EXERCISE INSTRUCTIONS ▸
Every line of the entries that holds the word "degrees" is to be copied.

DATA ▸
=-=-=

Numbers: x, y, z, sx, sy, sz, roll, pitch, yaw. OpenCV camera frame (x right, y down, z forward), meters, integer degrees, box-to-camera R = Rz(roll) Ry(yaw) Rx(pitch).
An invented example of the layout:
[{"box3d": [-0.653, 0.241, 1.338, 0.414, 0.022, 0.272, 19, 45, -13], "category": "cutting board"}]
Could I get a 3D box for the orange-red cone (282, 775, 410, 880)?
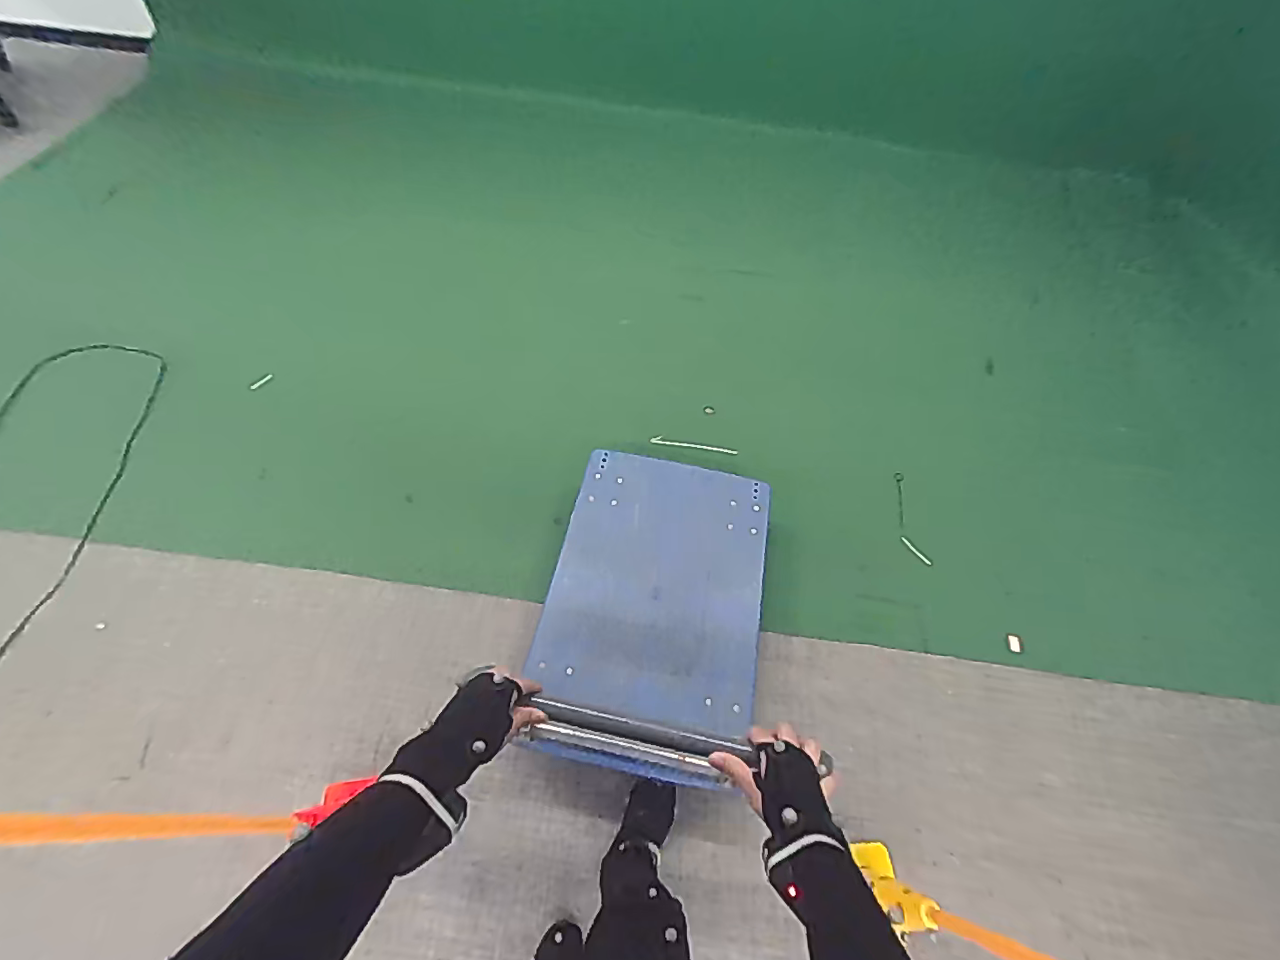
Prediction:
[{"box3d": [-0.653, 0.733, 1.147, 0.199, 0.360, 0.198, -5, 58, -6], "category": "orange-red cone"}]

=-=-=

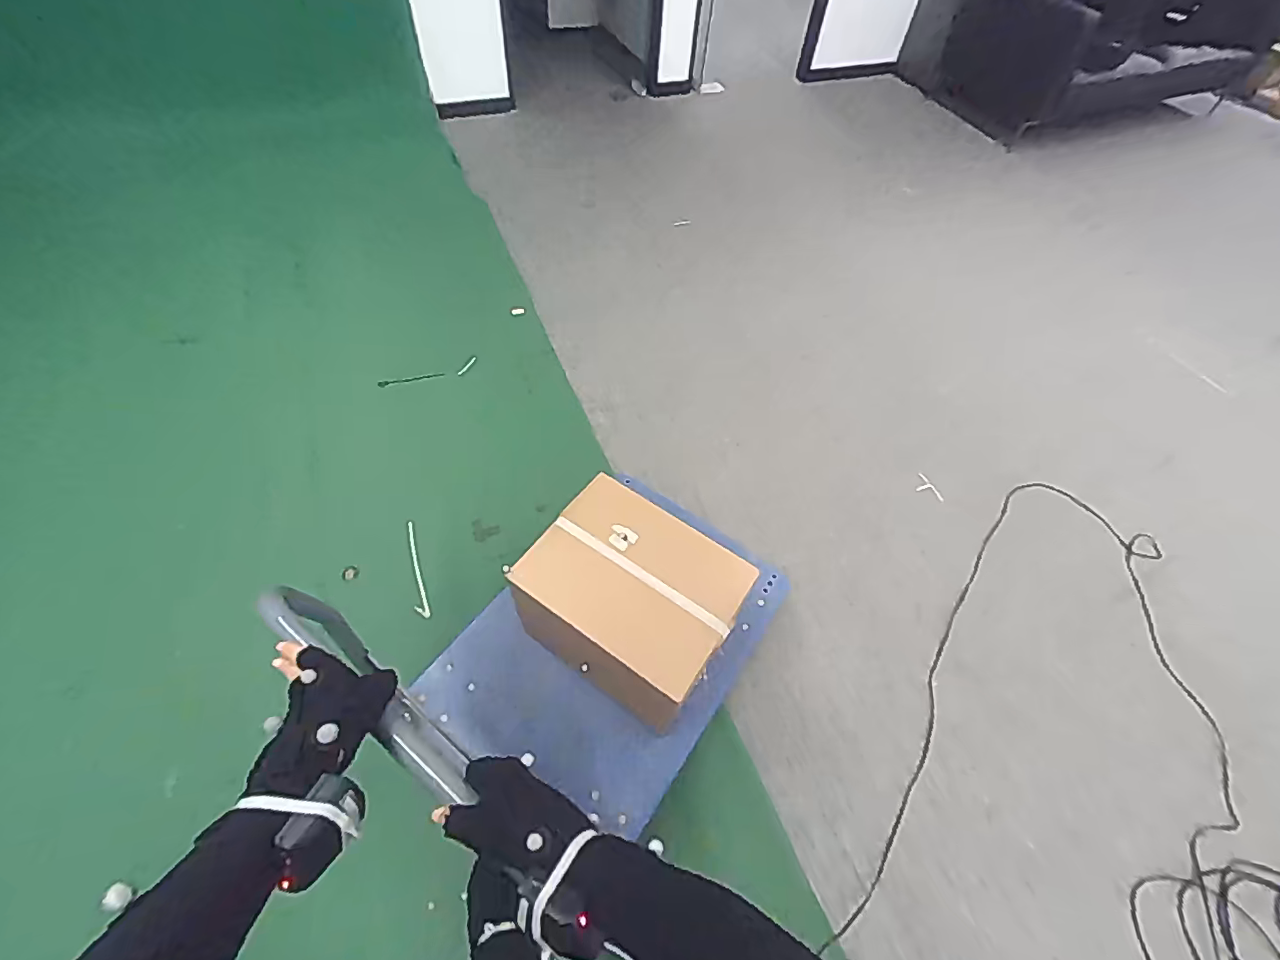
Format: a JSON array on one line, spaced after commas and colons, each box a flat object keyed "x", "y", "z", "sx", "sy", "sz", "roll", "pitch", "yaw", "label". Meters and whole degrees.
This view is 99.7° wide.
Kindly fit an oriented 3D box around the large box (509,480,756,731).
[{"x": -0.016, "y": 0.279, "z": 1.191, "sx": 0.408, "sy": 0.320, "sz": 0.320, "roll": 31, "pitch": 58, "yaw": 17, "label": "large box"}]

=-=-=

OUTPUT OF THE EXERCISE ▸
Numbers: x, y, z, sx, sy, sz, roll, pitch, yaw. OpenCV camera frame (x right, y down, z forward), meters, integer degrees, box-to-camera R = Rz(roll) Ry(yaw) Rx(pitch).
Format: a JSON array on one line, spaced after commas and colons, each box a flat object keyed "x", "y", "z", "sx", "sy", "sz", "roll", "pitch", "yaw", "label". Meters and whole degrees.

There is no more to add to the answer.